WORK REQUEST: With pictures excluded, output exactly the lines that run from the first line of the data below through the line containing "This screenshot has width=1456, height=819.".

Excerpts from a dataset:

^^^^^^^^^^^^^^^^

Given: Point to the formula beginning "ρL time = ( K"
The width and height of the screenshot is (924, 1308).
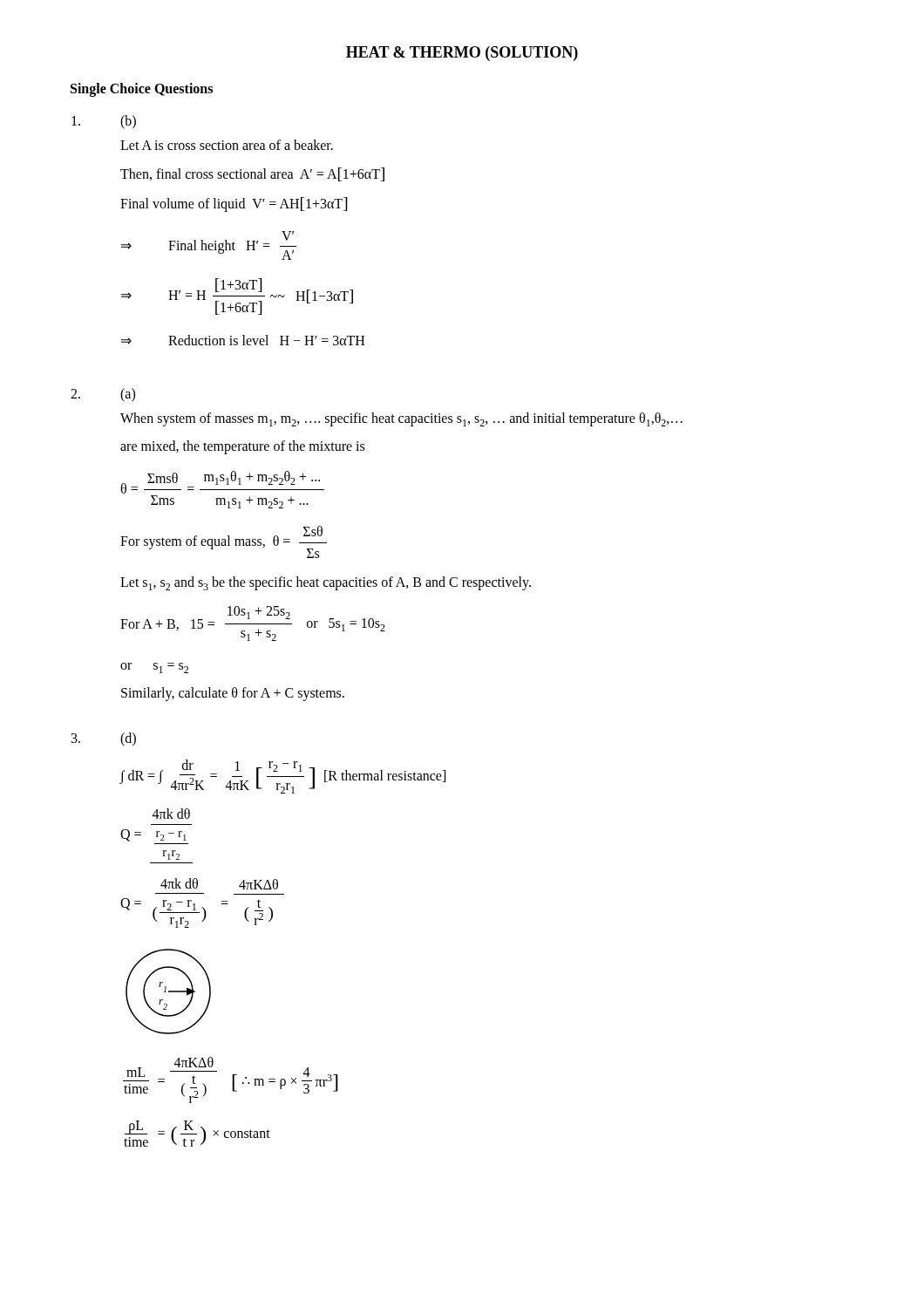Looking at the screenshot, I should click(195, 1134).
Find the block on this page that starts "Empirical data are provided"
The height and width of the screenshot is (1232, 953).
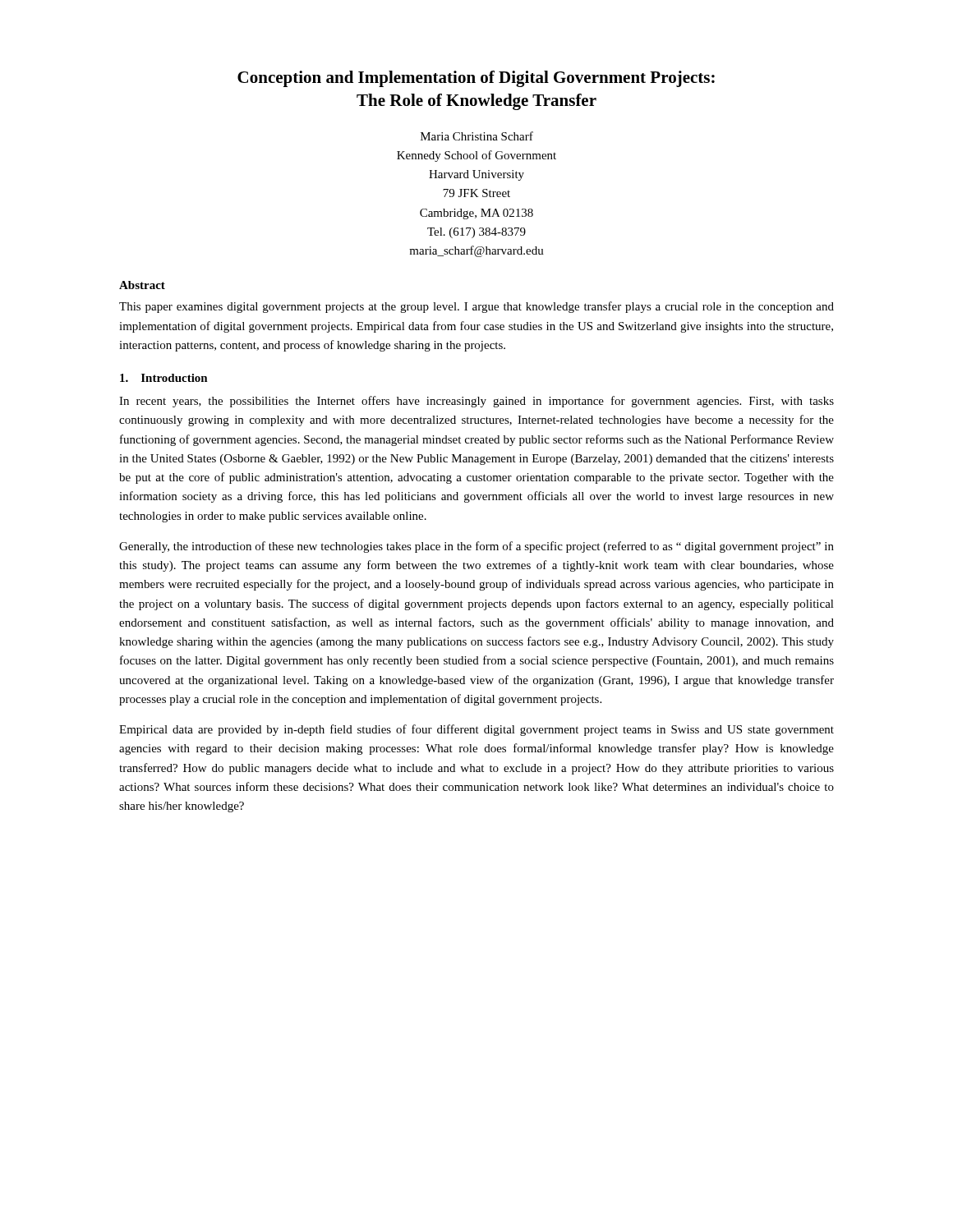[x=476, y=768]
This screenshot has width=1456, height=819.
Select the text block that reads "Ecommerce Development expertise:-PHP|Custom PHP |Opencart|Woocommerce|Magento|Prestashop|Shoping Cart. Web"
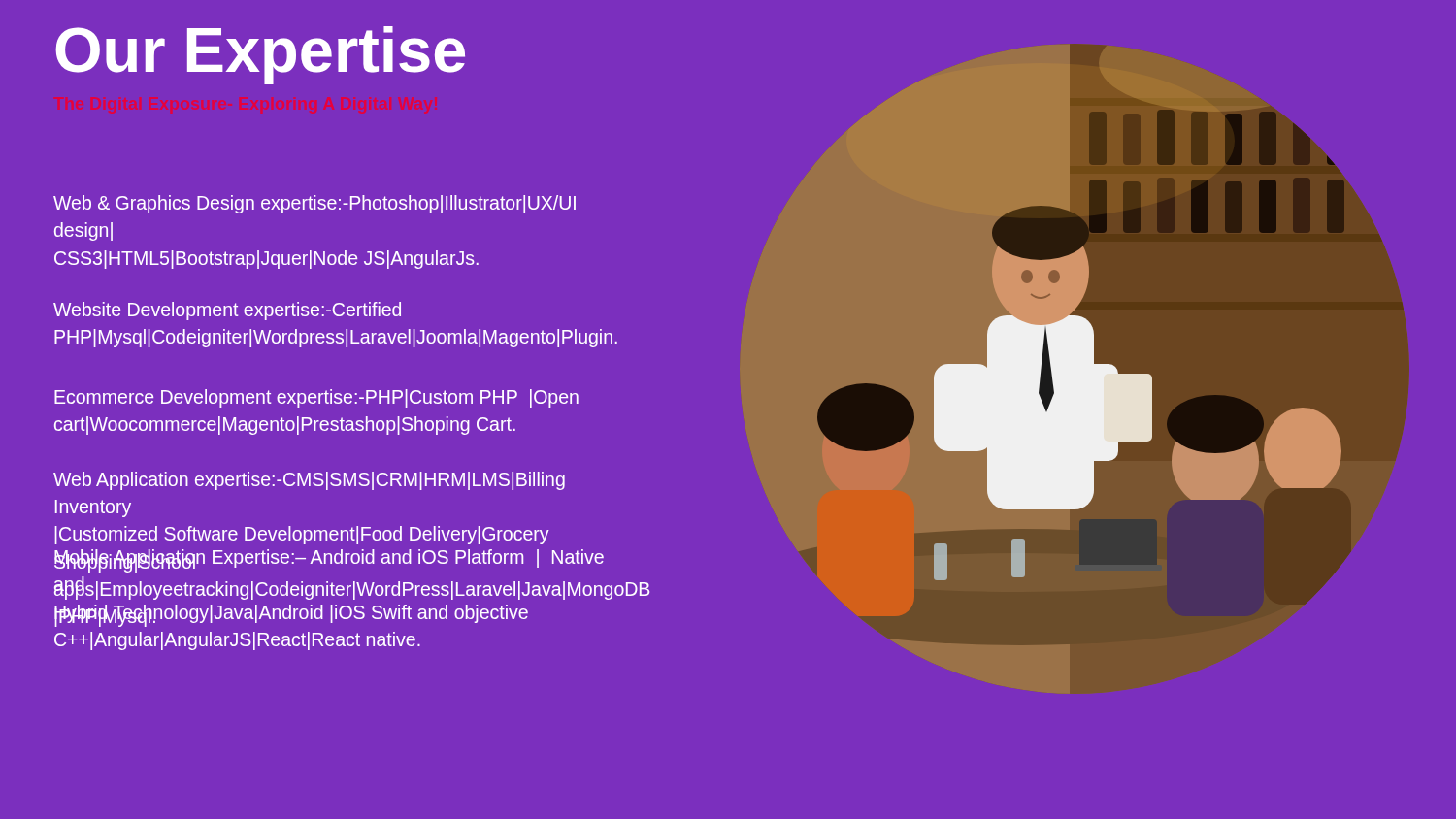click(316, 398)
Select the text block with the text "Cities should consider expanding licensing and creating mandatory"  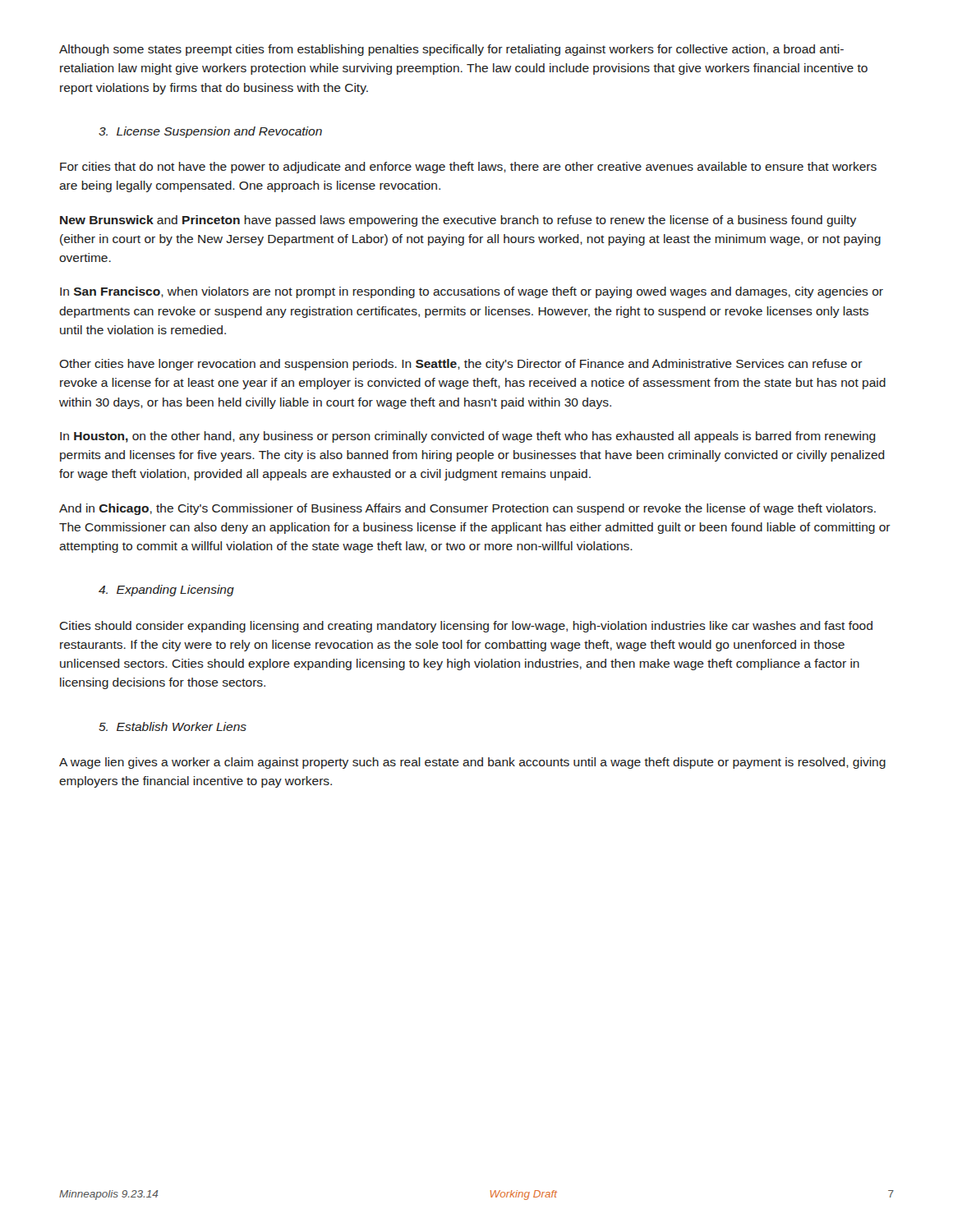(466, 654)
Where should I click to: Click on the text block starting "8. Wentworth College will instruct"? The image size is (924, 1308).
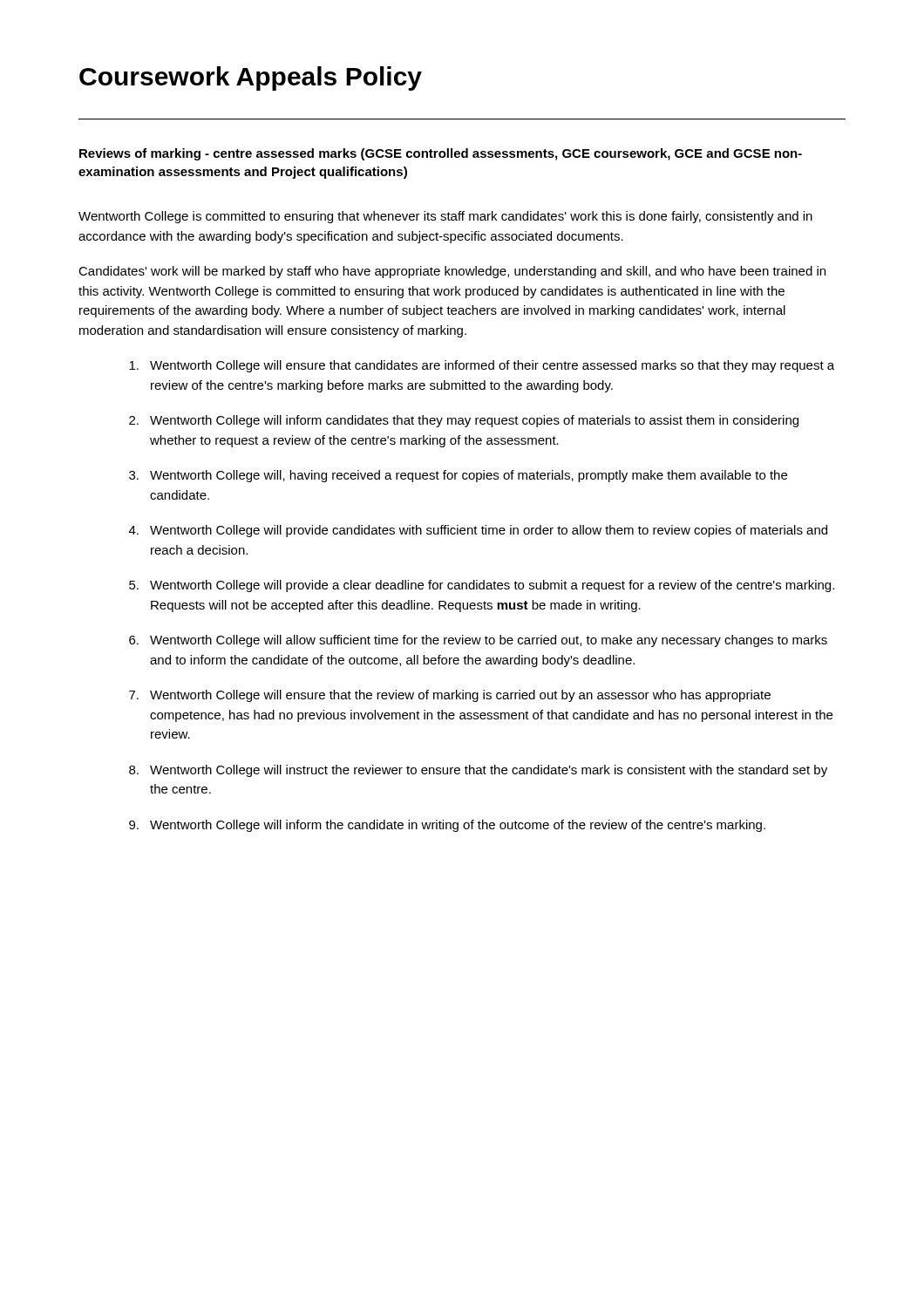(475, 780)
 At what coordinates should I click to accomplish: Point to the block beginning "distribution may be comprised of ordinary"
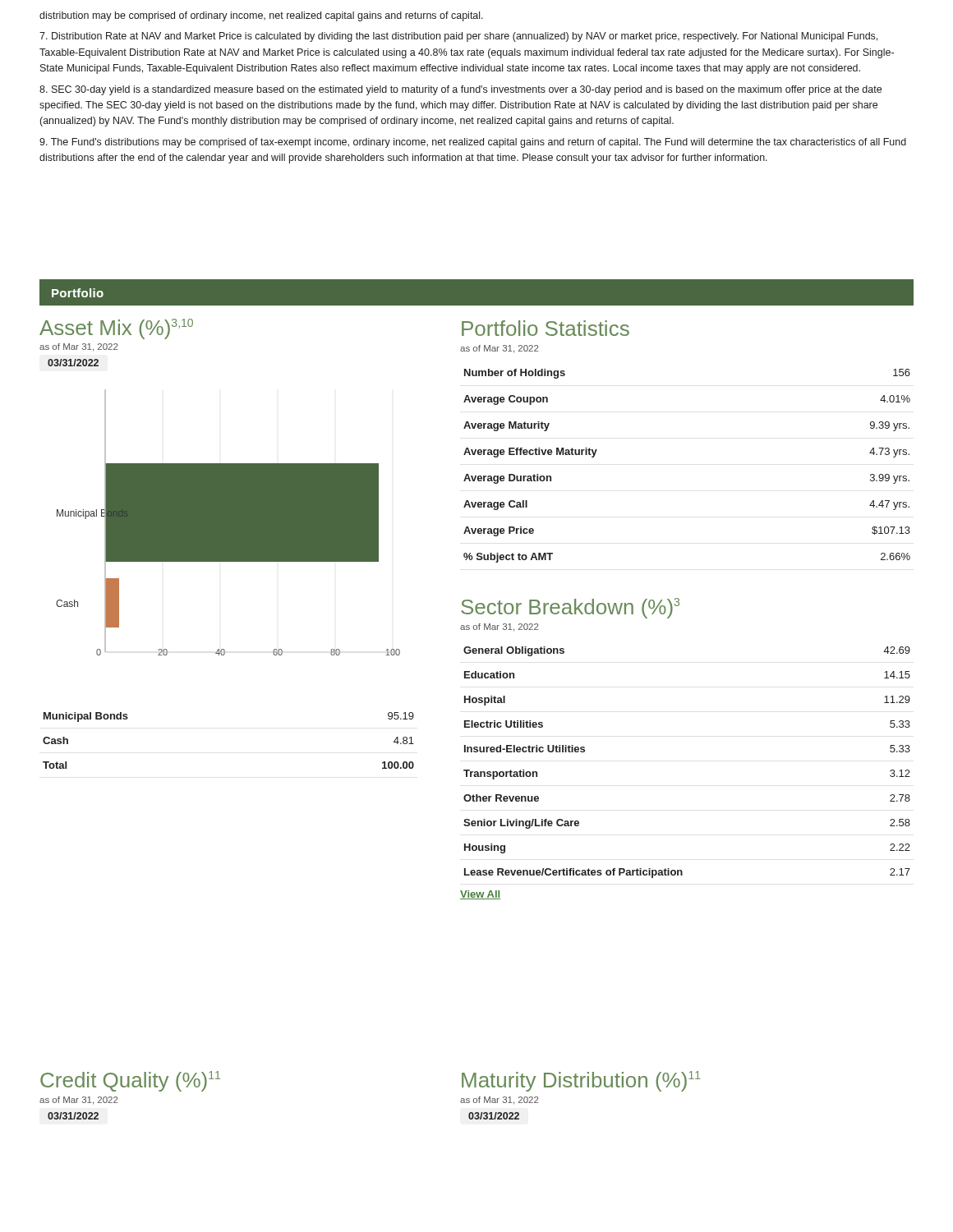tap(476, 87)

^^^^^^^^^^^^^^^^

RESPONSE AREA:
Given: Point to the formula beginning "ρL time = ( K"
The width and height of the screenshot is (924, 1308).
Looking at the screenshot, I should click(195, 1134).
Find the block on this page that starts "Empirical data are provided"
The height and width of the screenshot is (1232, 953).
[x=476, y=768]
This screenshot has width=1456, height=819.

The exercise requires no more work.